Work to complete: For this exercise, retype each line of the material below verbatim and omit any picture.

*****

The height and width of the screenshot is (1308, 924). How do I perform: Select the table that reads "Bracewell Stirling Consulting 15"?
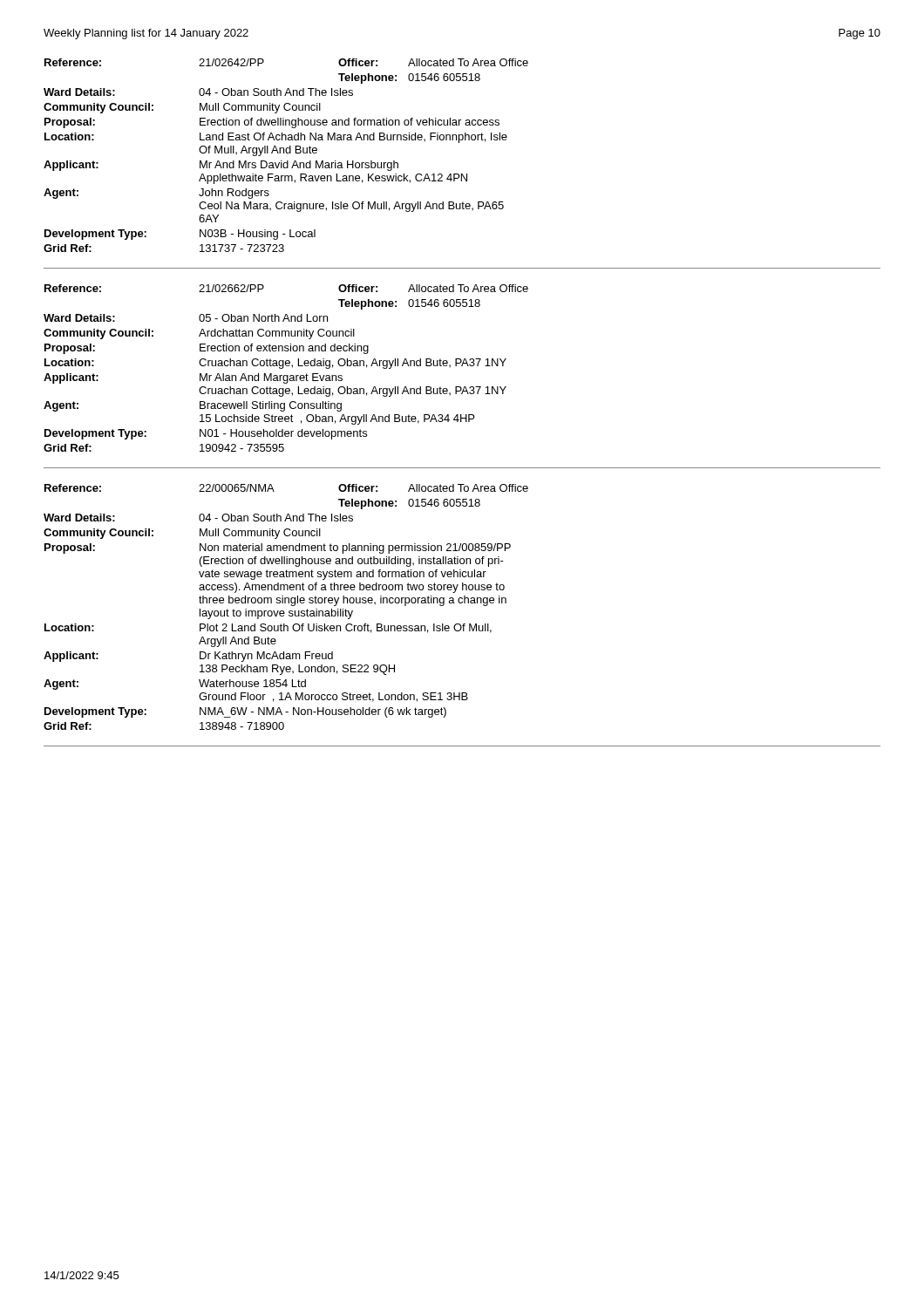[462, 368]
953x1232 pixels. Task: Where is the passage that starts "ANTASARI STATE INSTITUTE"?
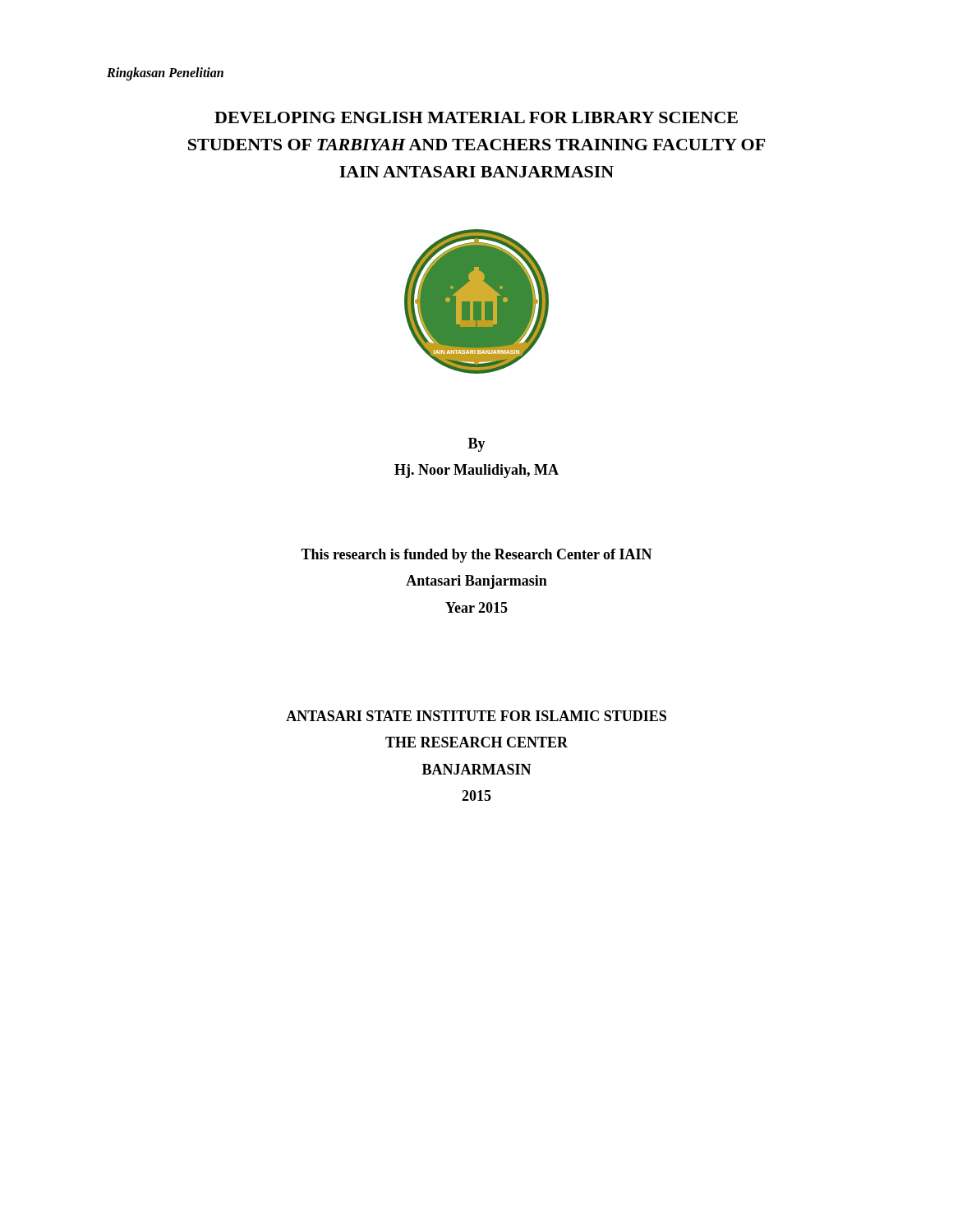pos(476,756)
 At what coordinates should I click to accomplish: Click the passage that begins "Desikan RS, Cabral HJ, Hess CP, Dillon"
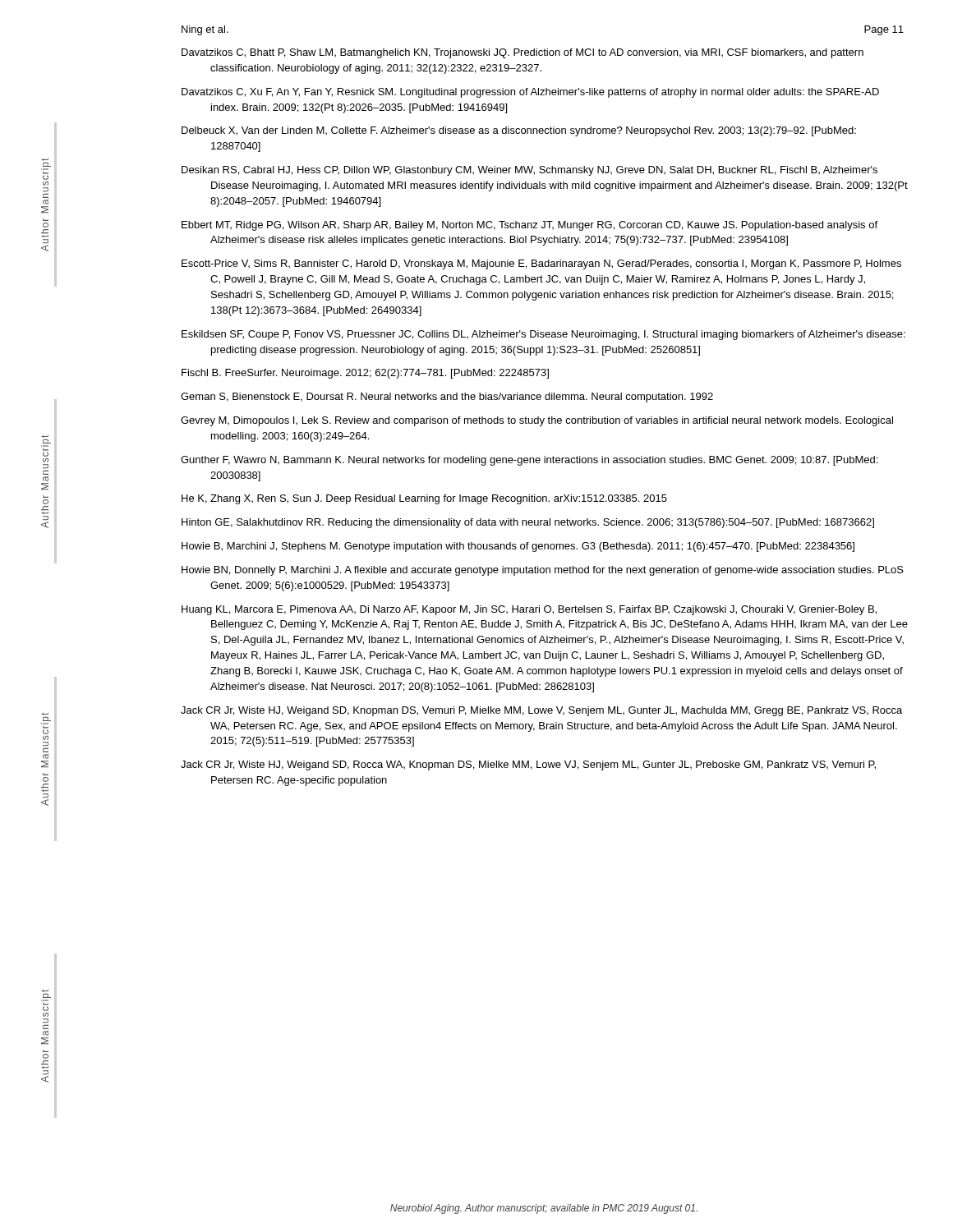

*****

Written reply:
The height and width of the screenshot is (1308, 924). How do I perform: Select the table that reads "Bracewell Stirling Consulting 15"?
[462, 368]
953x1232 pixels. Task: Where is the passage that starts "ANTASARI STATE INSTITUTE"?
pos(476,756)
 At what coordinates should I click to accomplish: Click the passage that begins "Desikan RS, Cabral HJ, Hess CP, Dillon"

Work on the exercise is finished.